» **DATA PROVIDED**:
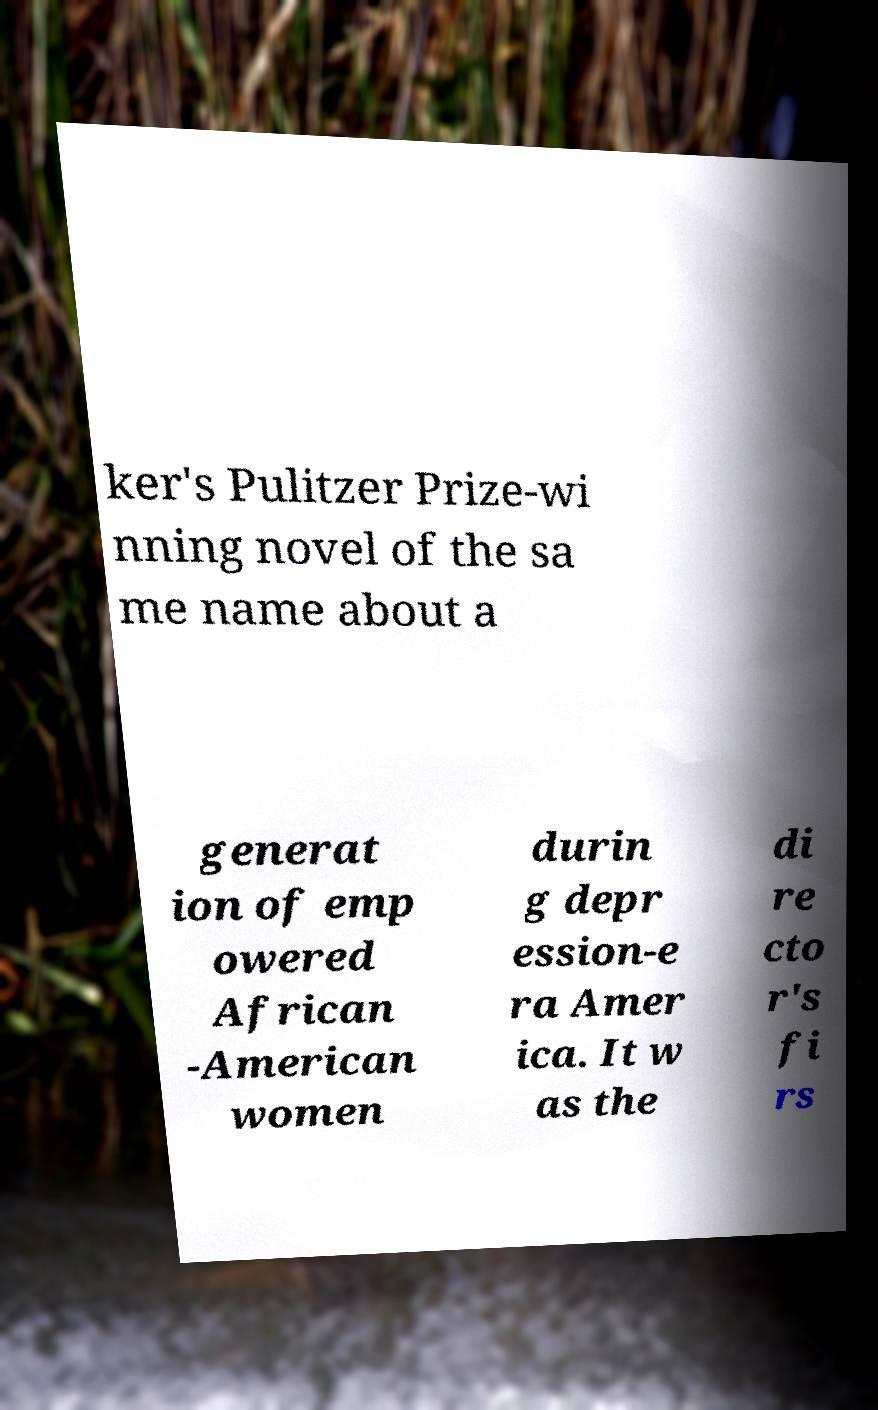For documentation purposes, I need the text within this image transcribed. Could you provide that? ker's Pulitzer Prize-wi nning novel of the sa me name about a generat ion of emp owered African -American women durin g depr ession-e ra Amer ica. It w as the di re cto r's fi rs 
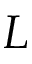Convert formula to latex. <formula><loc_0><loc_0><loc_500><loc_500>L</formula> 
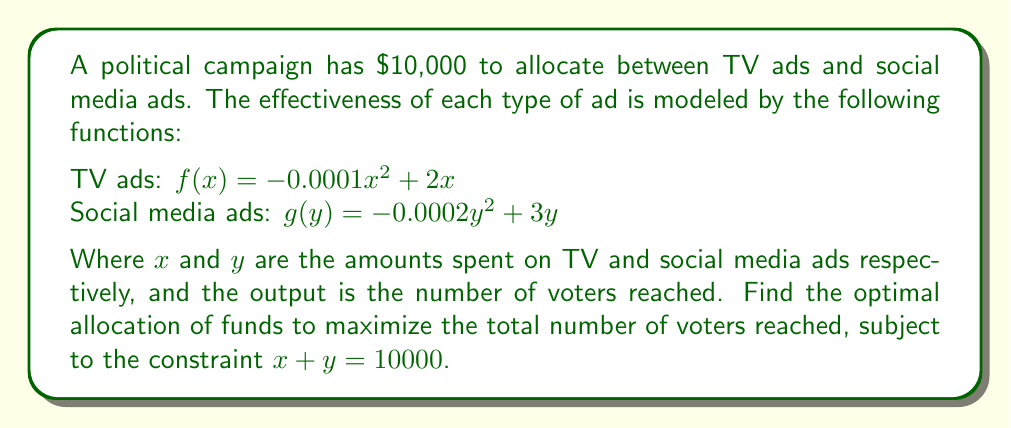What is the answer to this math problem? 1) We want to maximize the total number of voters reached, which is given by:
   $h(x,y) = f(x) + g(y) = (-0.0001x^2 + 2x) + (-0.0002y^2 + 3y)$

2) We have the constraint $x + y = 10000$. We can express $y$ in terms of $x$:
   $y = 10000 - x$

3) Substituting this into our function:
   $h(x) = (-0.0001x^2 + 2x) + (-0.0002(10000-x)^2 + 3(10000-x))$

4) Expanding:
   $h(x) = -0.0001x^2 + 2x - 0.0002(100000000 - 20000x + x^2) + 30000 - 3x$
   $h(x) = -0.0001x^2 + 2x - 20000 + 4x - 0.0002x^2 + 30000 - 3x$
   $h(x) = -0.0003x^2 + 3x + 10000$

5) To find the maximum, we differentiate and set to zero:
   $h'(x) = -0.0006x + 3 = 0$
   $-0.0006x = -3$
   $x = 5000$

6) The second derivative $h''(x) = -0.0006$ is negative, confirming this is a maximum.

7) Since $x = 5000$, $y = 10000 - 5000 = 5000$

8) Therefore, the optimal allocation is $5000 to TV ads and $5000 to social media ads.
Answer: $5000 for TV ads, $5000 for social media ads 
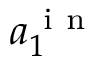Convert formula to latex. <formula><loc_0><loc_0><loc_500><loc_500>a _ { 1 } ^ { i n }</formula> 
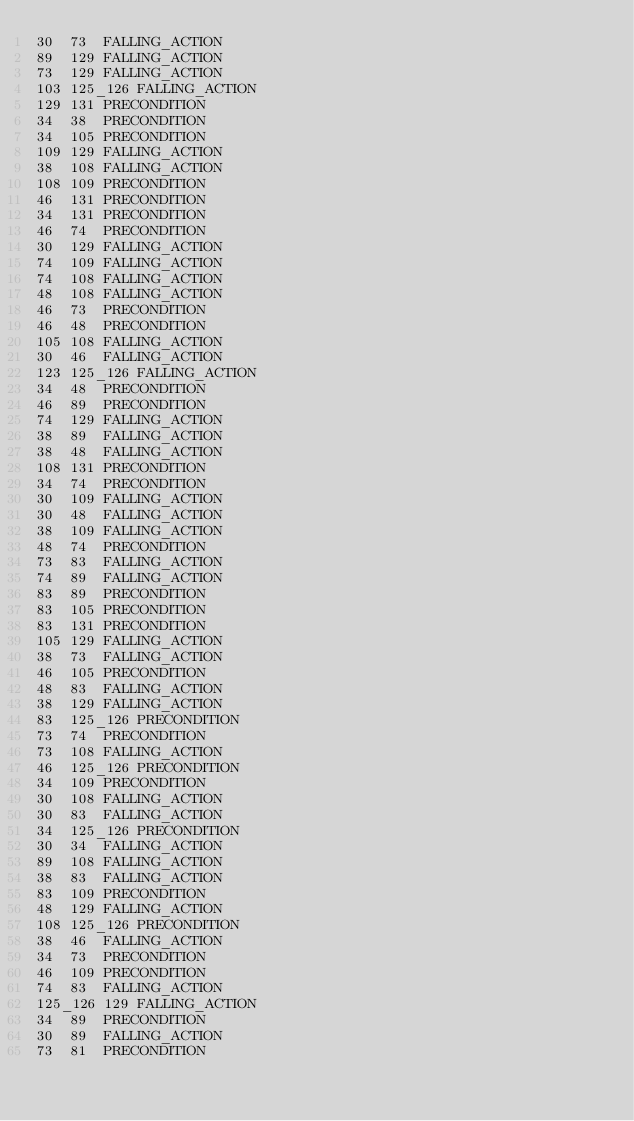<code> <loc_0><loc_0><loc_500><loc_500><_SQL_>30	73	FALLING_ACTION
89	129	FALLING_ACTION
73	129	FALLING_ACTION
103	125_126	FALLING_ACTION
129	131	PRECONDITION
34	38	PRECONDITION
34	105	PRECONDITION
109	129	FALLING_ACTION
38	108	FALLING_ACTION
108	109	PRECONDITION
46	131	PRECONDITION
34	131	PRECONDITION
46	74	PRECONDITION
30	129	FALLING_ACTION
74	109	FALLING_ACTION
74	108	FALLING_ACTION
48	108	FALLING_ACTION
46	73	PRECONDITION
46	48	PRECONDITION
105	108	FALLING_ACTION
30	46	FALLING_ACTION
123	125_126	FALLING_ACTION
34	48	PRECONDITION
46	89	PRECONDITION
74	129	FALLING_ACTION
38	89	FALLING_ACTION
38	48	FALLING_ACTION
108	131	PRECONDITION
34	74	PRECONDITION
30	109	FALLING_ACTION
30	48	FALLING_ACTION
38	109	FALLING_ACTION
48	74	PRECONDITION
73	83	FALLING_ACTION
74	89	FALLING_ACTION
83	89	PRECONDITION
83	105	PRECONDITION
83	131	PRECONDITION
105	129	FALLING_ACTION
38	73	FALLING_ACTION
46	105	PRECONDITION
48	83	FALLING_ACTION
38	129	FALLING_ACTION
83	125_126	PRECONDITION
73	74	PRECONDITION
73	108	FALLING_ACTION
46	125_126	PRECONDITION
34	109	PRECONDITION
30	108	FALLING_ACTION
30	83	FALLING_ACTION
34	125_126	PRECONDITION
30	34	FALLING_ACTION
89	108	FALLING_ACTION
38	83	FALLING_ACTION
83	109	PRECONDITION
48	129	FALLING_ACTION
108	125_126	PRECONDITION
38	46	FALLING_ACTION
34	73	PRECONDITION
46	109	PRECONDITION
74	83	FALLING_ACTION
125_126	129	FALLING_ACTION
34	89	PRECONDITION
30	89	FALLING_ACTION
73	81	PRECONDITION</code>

» **WHAT YOU SHOULD DO**: The answer should contain every line of the material exactly as written and no pictures.

» **RESPONSE TO THE TASK**:
For documentation purposes, I need the text within this image transcribed. Could you provide that? ker's Pulitzer Prize-wi nning novel of the sa me name about a generat ion of emp owered African -American women durin g depr ession-e ra Amer ica. It w as the di re cto r's fi rs 
Convert formula to latex. <formula><loc_0><loc_0><loc_500><loc_500>L</formula> 
What is the answer to this math problem? 1) We want to maximize the total number of voters reached, which is given by:
   $h(x,y) = f(x) + g(y) = (-0.0001x^2 + 2x) + (-0.0002y^2 + 3y)$

2) We have the constraint $x + y = 10000$. We can express $y$ in terms of $x$:
   $y = 10000 - x$

3) Substituting this into our function:
   $h(x) = (-0.0001x^2 + 2x) + (-0.0002(10000-x)^2 + 3(10000-x))$

4) Expanding:
   $h(x) = -0.0001x^2 + 2x - 0.0002(100000000 - 20000x + x^2) + 30000 - 3x$
   $h(x) = -0.0001x^2 + 2x - 20000 + 4x - 0.0002x^2 + 30000 - 3x$
   $h(x) = -0.0003x^2 + 3x + 10000$

5) To find the maximum, we differentiate and set to zero:
   $h'(x) = -0.0006x + 3 = 0$
   $-0.0006x = -3$
   $x = 5000$

6) The second derivative $h''(x) = -0.0006$ is negative, confirming this is a maximum.

7) Since $x = 5000$, $y = 10000 - 5000 = 5000$

8) Therefore, the optimal allocation is $5000 to TV ads and $5000 to social media ads.
Answer: $5000 for TV ads, $5000 for social media ads 
Convert formula to latex. <formula><loc_0><loc_0><loc_500><loc_500>a _ { 1 } ^ { i n }</formula> 
<code> <loc_0><loc_0><loc_500><loc_500><_SQL_>30	73	FALLING_ACTION
89	129	FALLING_ACTION
73	129	FALLING_ACTION
103	125_126	FALLING_ACTION
129	131	PRECONDITION
34	38	PRECONDITION
34	105	PRECONDITION
109	129	FALLING_ACTION
38	108	FALLING_ACTION
108	109	PRECONDITION
46	131	PRECONDITION
34	131	PRECONDITION
46	74	PRECONDITION
30	129	FALLING_ACTION
74	109	FALLING_ACTION
74	108	FALLING_ACTION
48	108	FALLING_ACTION
46	73	PRECONDITION
46	48	PRECONDITION
105	108	FALLING_ACTION
30	46	FALLING_ACTION
123	125_126	FALLING_ACTION
34	48	PRECONDITION
46	89	PRECONDITION
74	129	FALLING_ACTION
38	89	FALLING_ACTION
38	48	FALLING_ACTION
108	131	PRECONDITION
34	74	PRECONDITION
30	109	FALLING_ACTION
30	48	FALLING_ACTION
38	109	FALLING_ACTION
48	74	PRECONDITION
73	83	FALLING_ACTION
74	89	FALLING_ACTION
83	89	PRECONDITION
83	105	PRECONDITION
83	131	PRECONDITION
105	129	FALLING_ACTION
38	73	FALLING_ACTION
46	105	PRECONDITION
48	83	FALLING_ACTION
38	129	FALLING_ACTION
83	125_126	PRECONDITION
73	74	PRECONDITION
73	108	FALLING_ACTION
46	125_126	PRECONDITION
34	109	PRECONDITION
30	108	FALLING_ACTION
30	83	FALLING_ACTION
34	125_126	PRECONDITION
30	34	FALLING_ACTION
89	108	FALLING_ACTION
38	83	FALLING_ACTION
83	109	PRECONDITION
48	129	FALLING_ACTION
108	125_126	PRECONDITION
38	46	FALLING_ACTION
34	73	PRECONDITION
46	109	PRECONDITION
74	83	FALLING_ACTION
125_126	129	FALLING_ACTION
34	89	PRECONDITION
30	89	FALLING_ACTION
73	81	PRECONDITION</code>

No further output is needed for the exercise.